• [Record extracts]

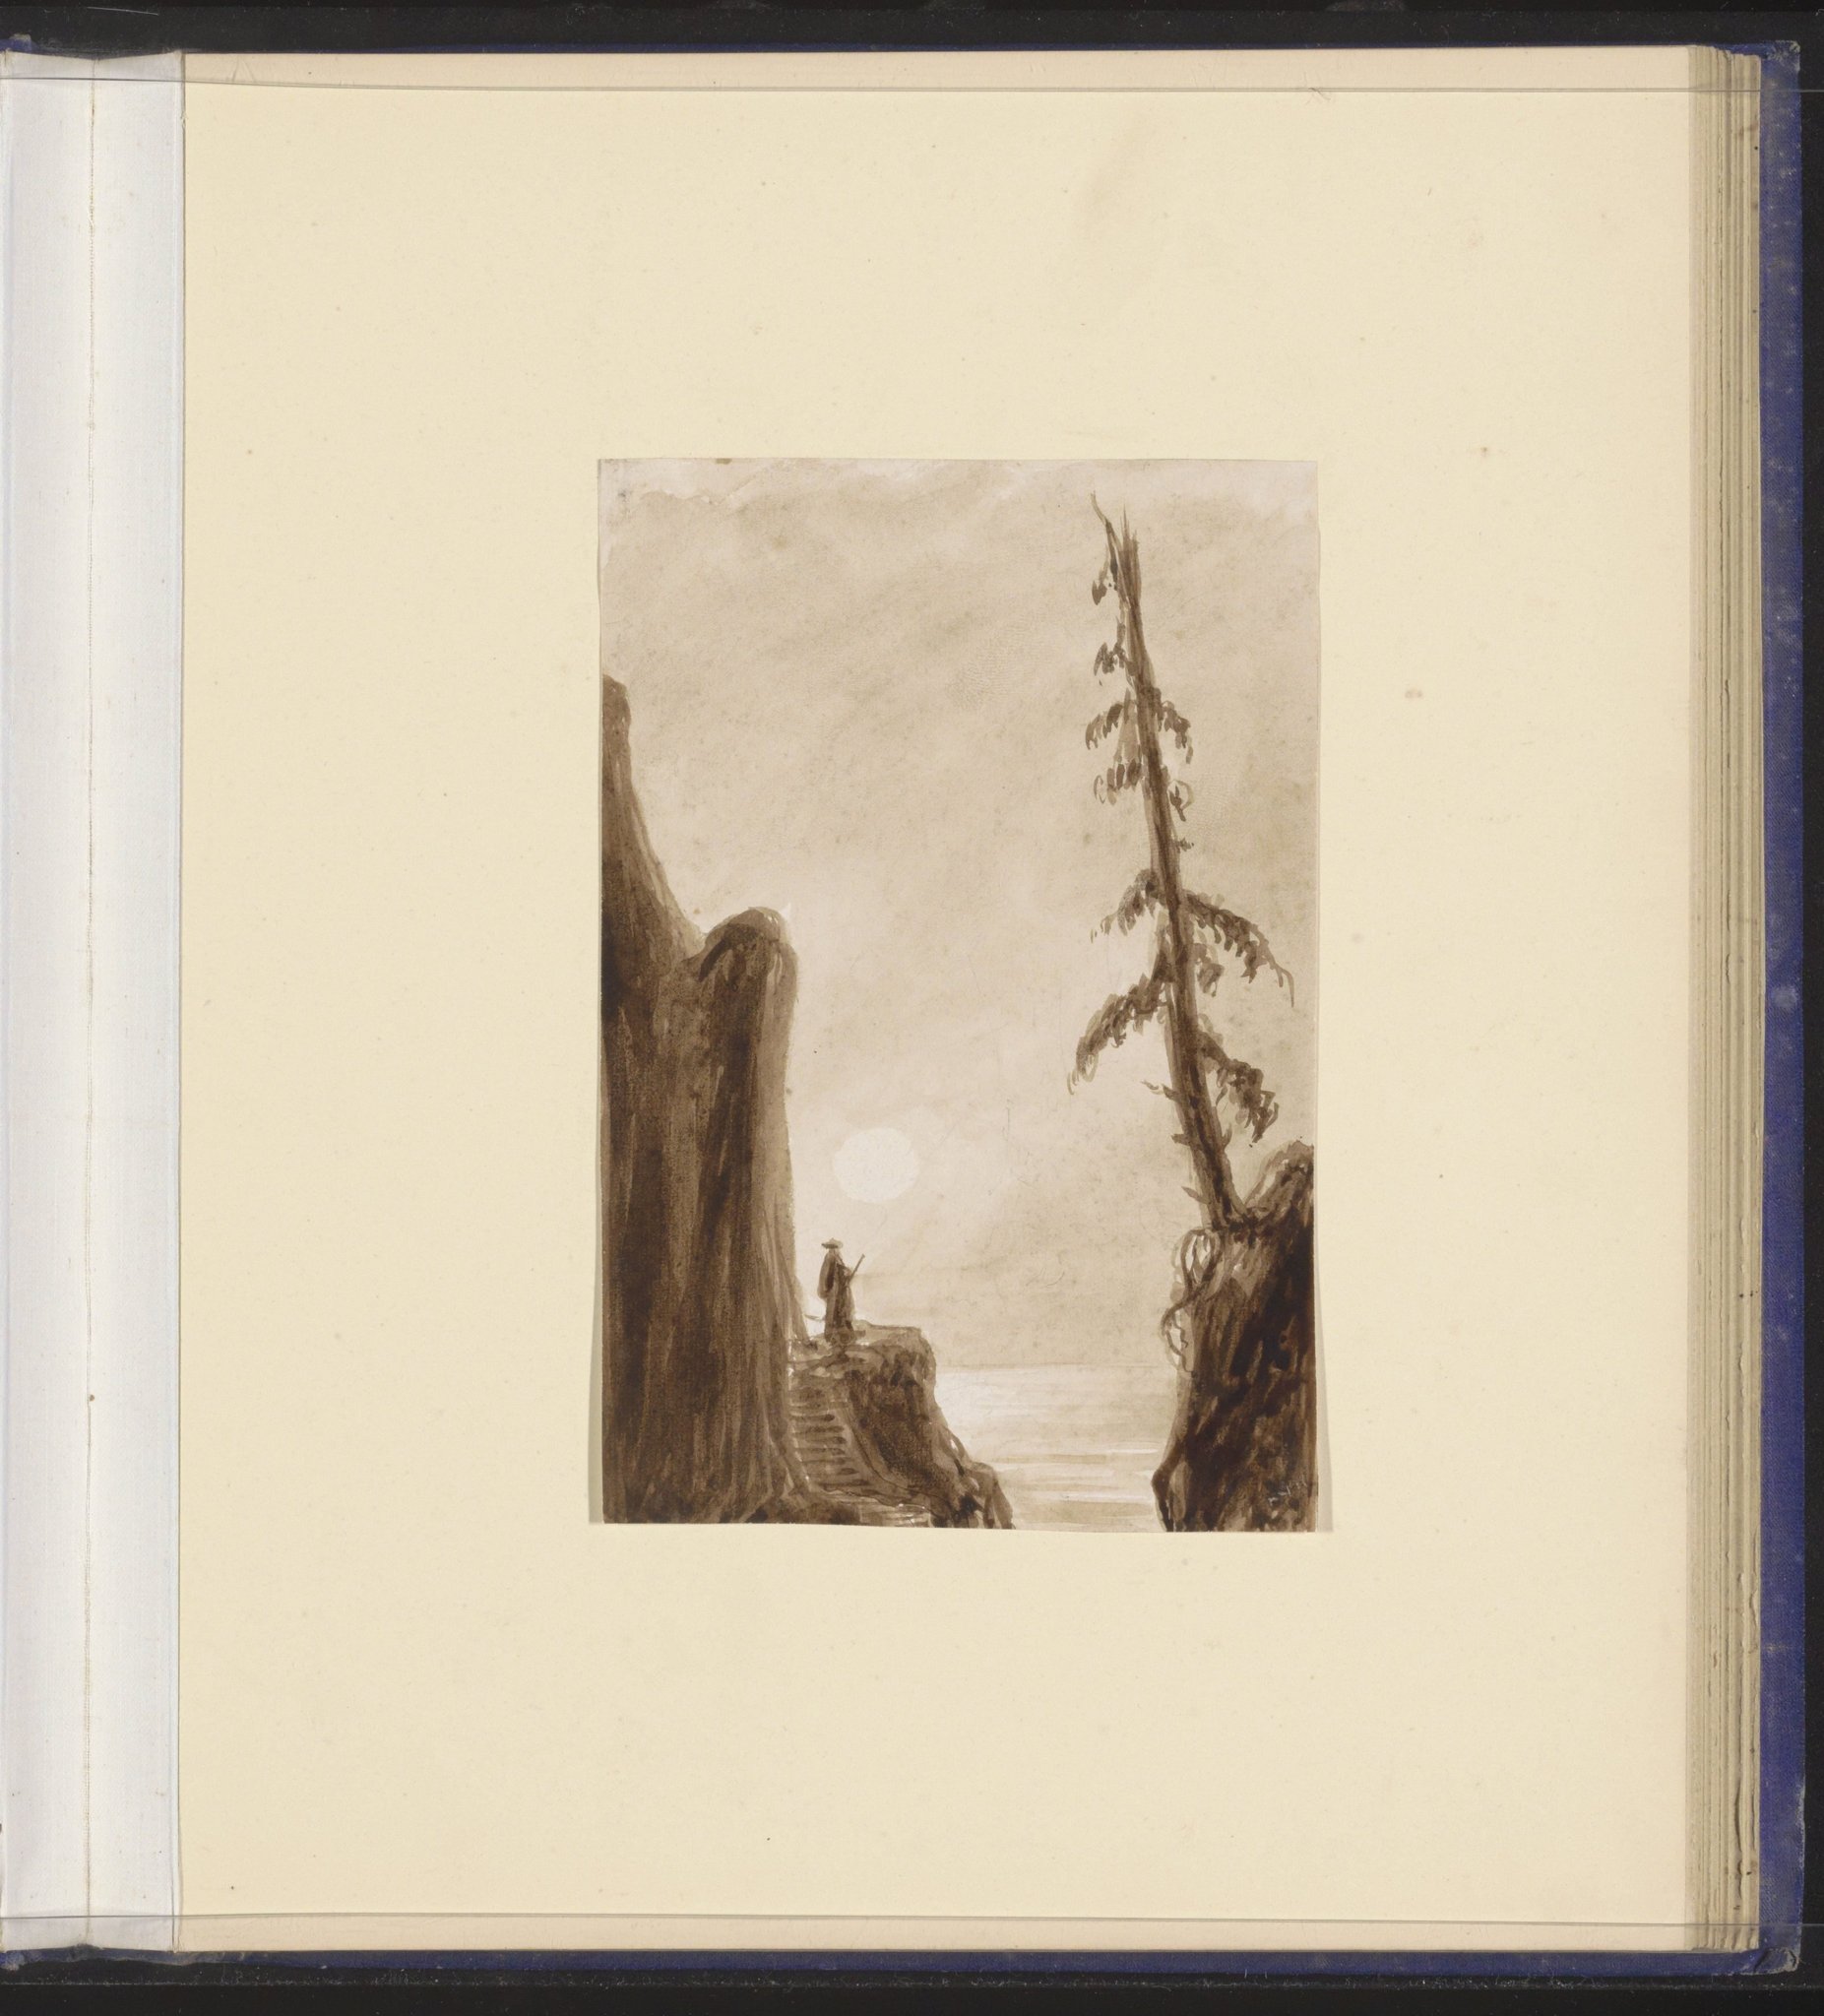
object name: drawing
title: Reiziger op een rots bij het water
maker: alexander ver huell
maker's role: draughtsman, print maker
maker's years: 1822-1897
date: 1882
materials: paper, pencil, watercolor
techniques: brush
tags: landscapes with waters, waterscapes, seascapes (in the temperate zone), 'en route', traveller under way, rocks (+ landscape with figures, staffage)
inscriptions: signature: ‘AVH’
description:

• [What you have to do]
For the material above, repeat each line exactly and leave out the pictures.

• [Written solution]
object name: drawing
title: Reiziger op een rots bij het water
maker: alexander ver huell
maker's role: draughtsman, print maker
maker's years: 1822-1897
date: 1882
materials: paper, pencil, watercolor
techniques: brush
tags: landscapes with waters, waterscapes, seascapes (in the temperate zone), 'en route', traveller under way, rocks (+ landscape with figures, staffage)
inscriptions: signature: ‘AVH’
description:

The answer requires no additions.